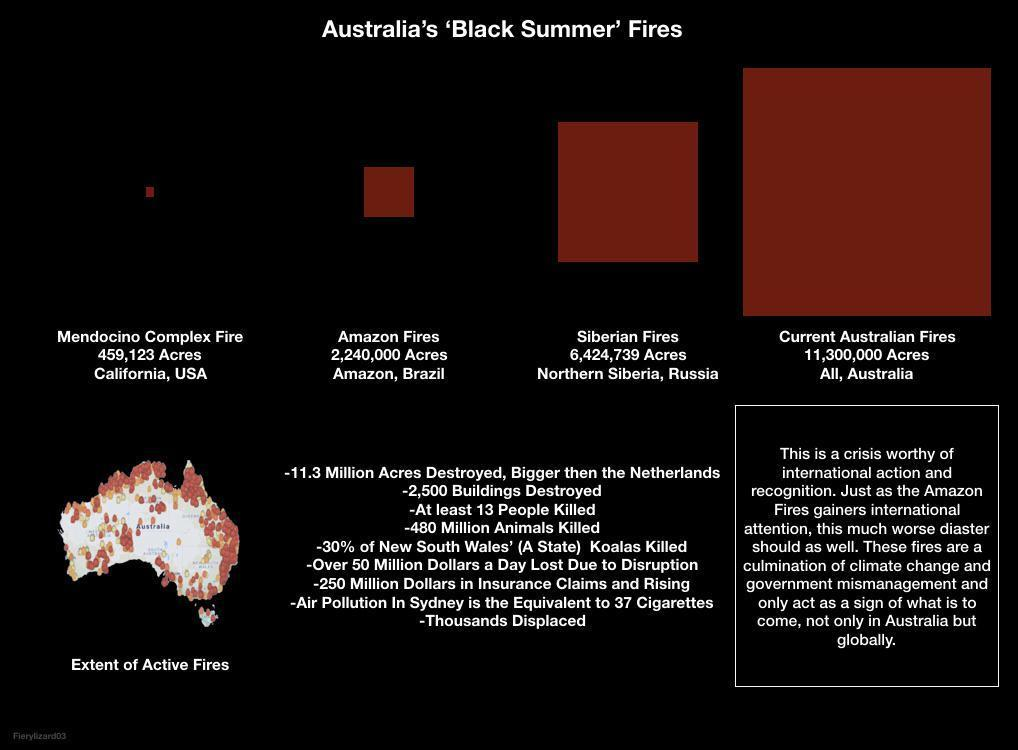Which fire incident happened in California?
Answer the question with a short phrase. Mendocino Complex Fire How much land was destroyed by fire in Northern Siberia? 6,424,739 Acres In which country was 11,300,000 Acres of land destroyed by fires? Australia How many acres of land was destroyed by Amazon Fires? 2,240,000 Acres 
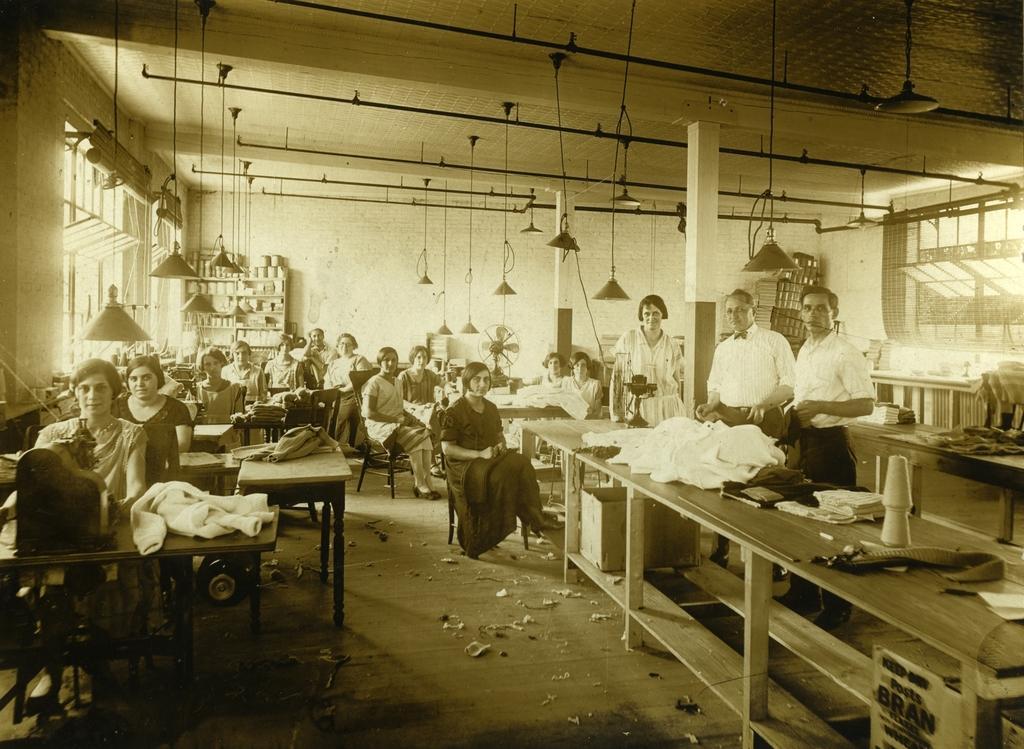How would you summarize this image in a sentence or two? In this image there are group of people sitting, three personś standing, there are tables, there is cloth on the table, there are pillars,they lightś are hanging from the roof,there are windowś, there is a wall. 
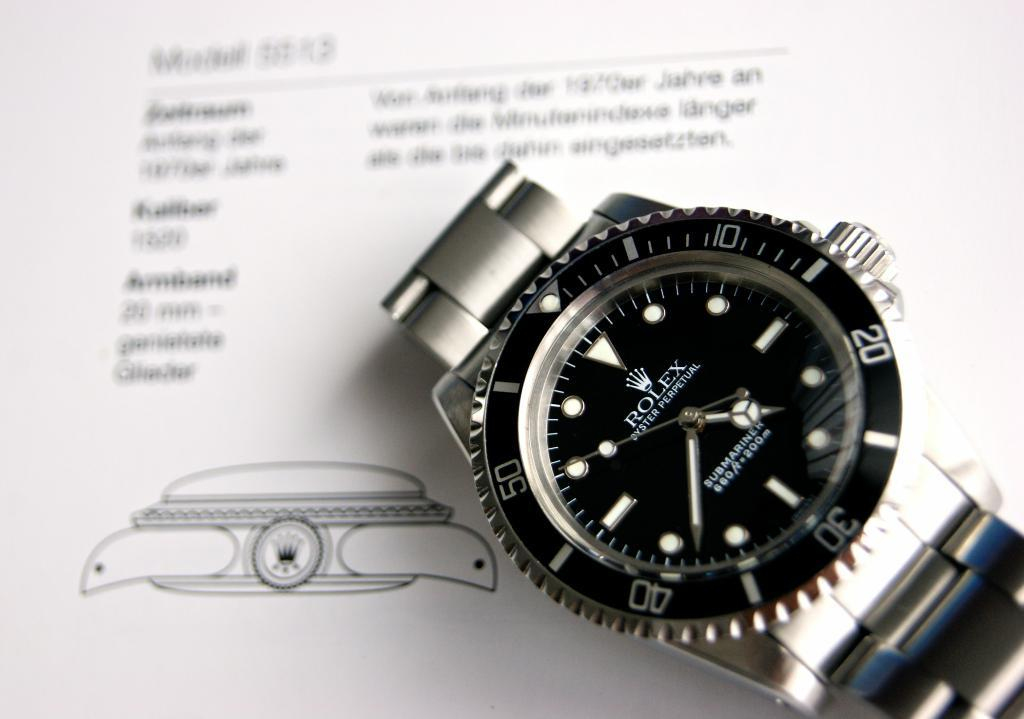<image>
Summarize the visual content of the image. A Rolex watch that is a submariner up to 660 feet. 
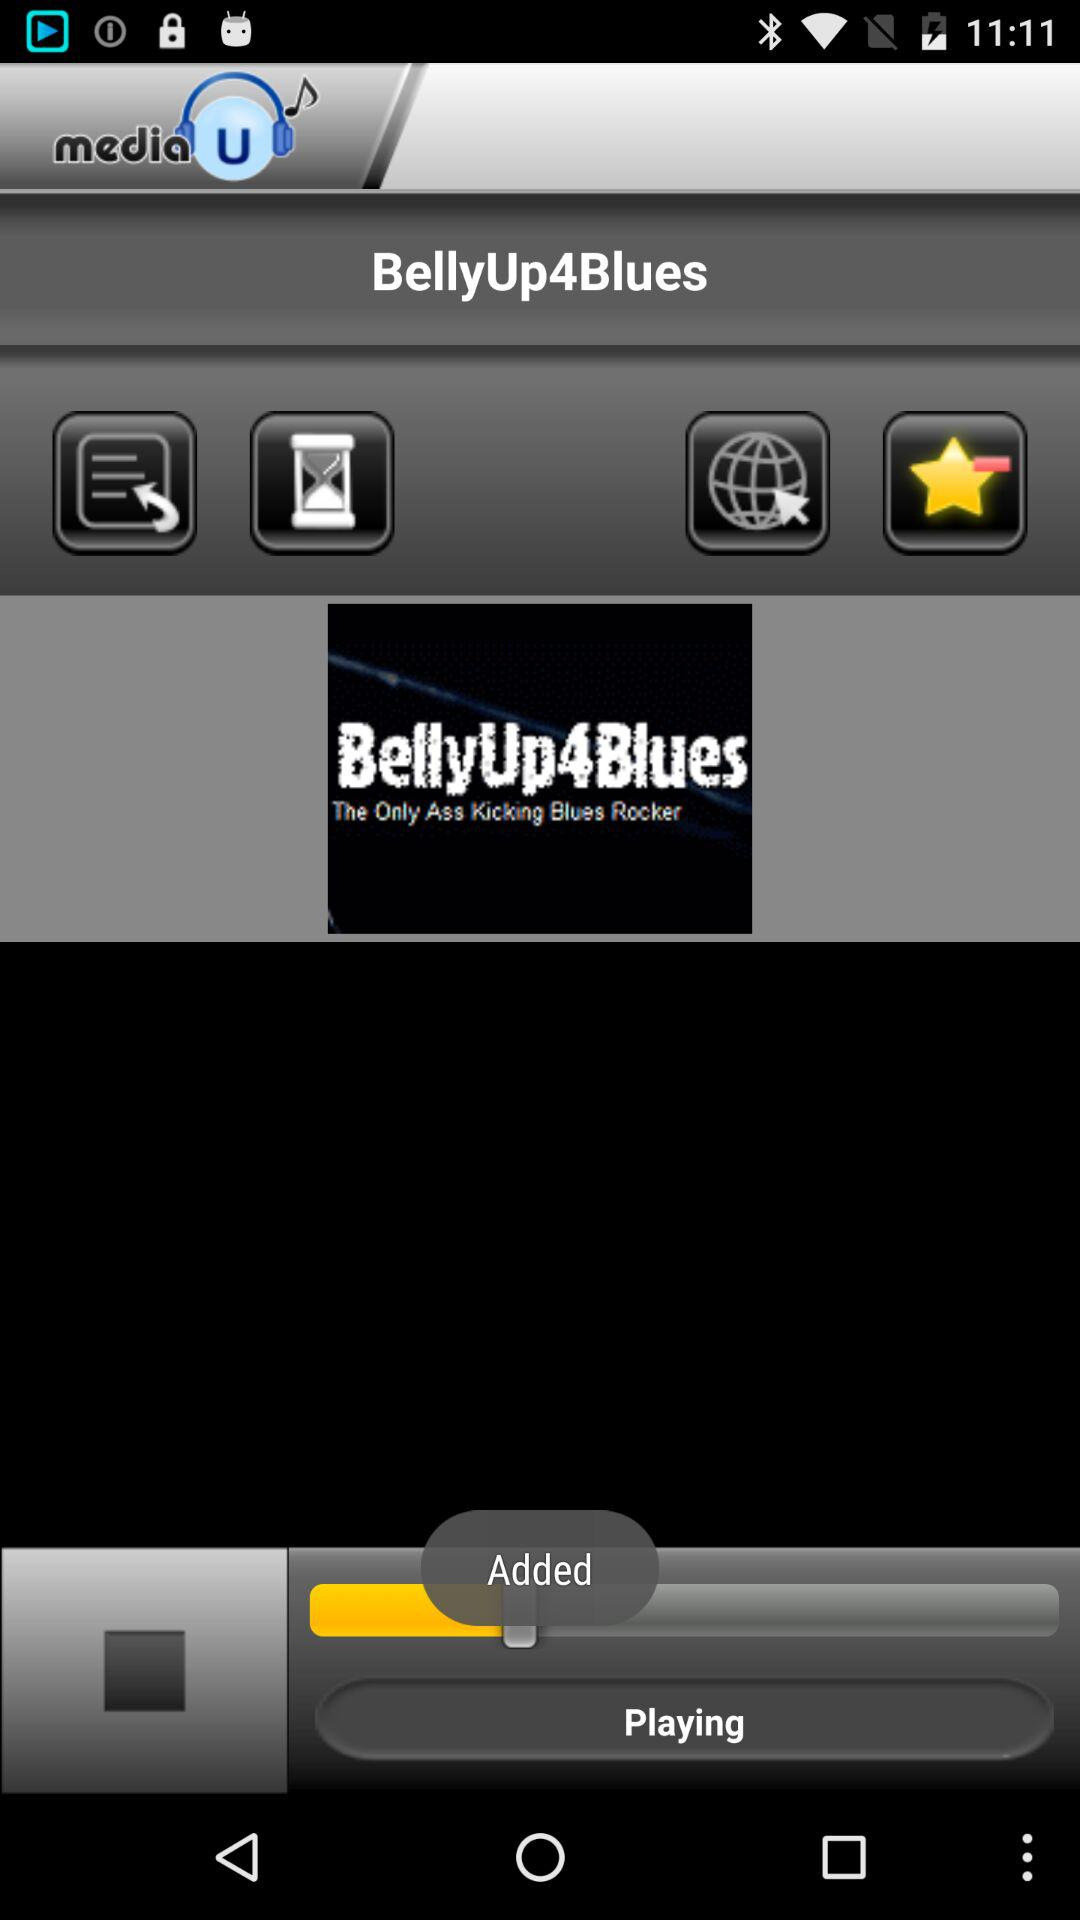What is the application name? The application name is "media U". 
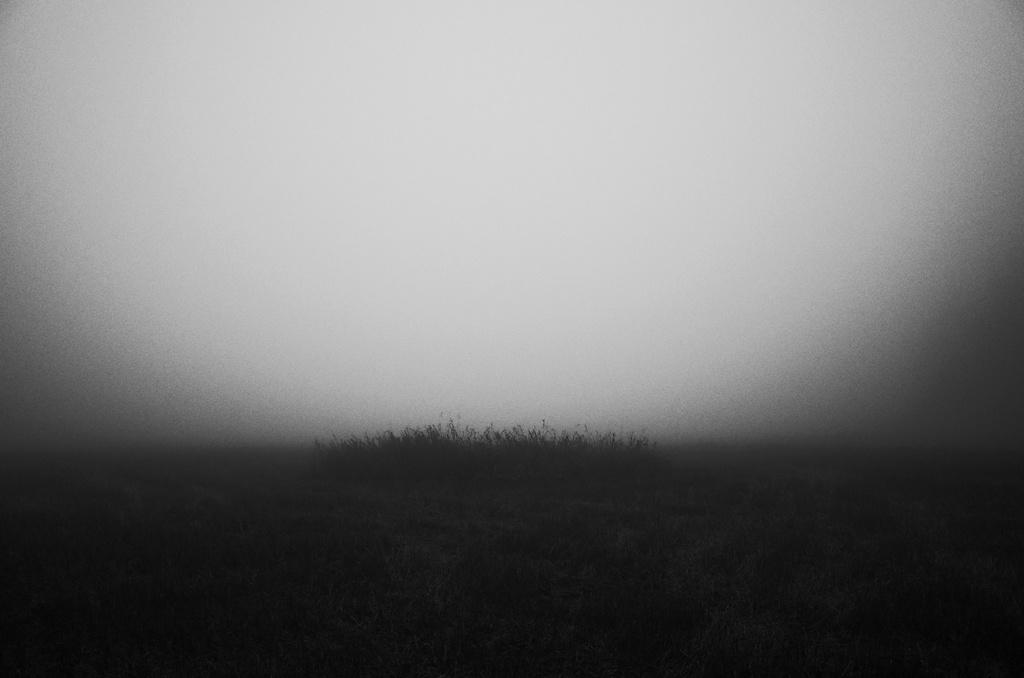What type of vegetation can be seen in the image? There are trees in the image. What part of the natural environment is visible in the image? The sky is visible in the image. Can you describe the time of day based on the image? The image may have been taken in the evening, as the sky appears to be darker. What type of trail can be seen in the image? There is no trail visible in the image; it only features trees and the sky. How many tickets are visible in the image? There are no tickets present in the image.
========================
PROBLEM TO WORK ON: From the records above, write out exactly the lines that begin at the line with "Summarize the visual" and end at the line with "What is the". Pictures must not appear in the output.

COMPLETED TASK:
Summarize the visual content of the image. A Rolex watch that is a submariner up to 660 feet. 
What is the application name? The application name is "media U". 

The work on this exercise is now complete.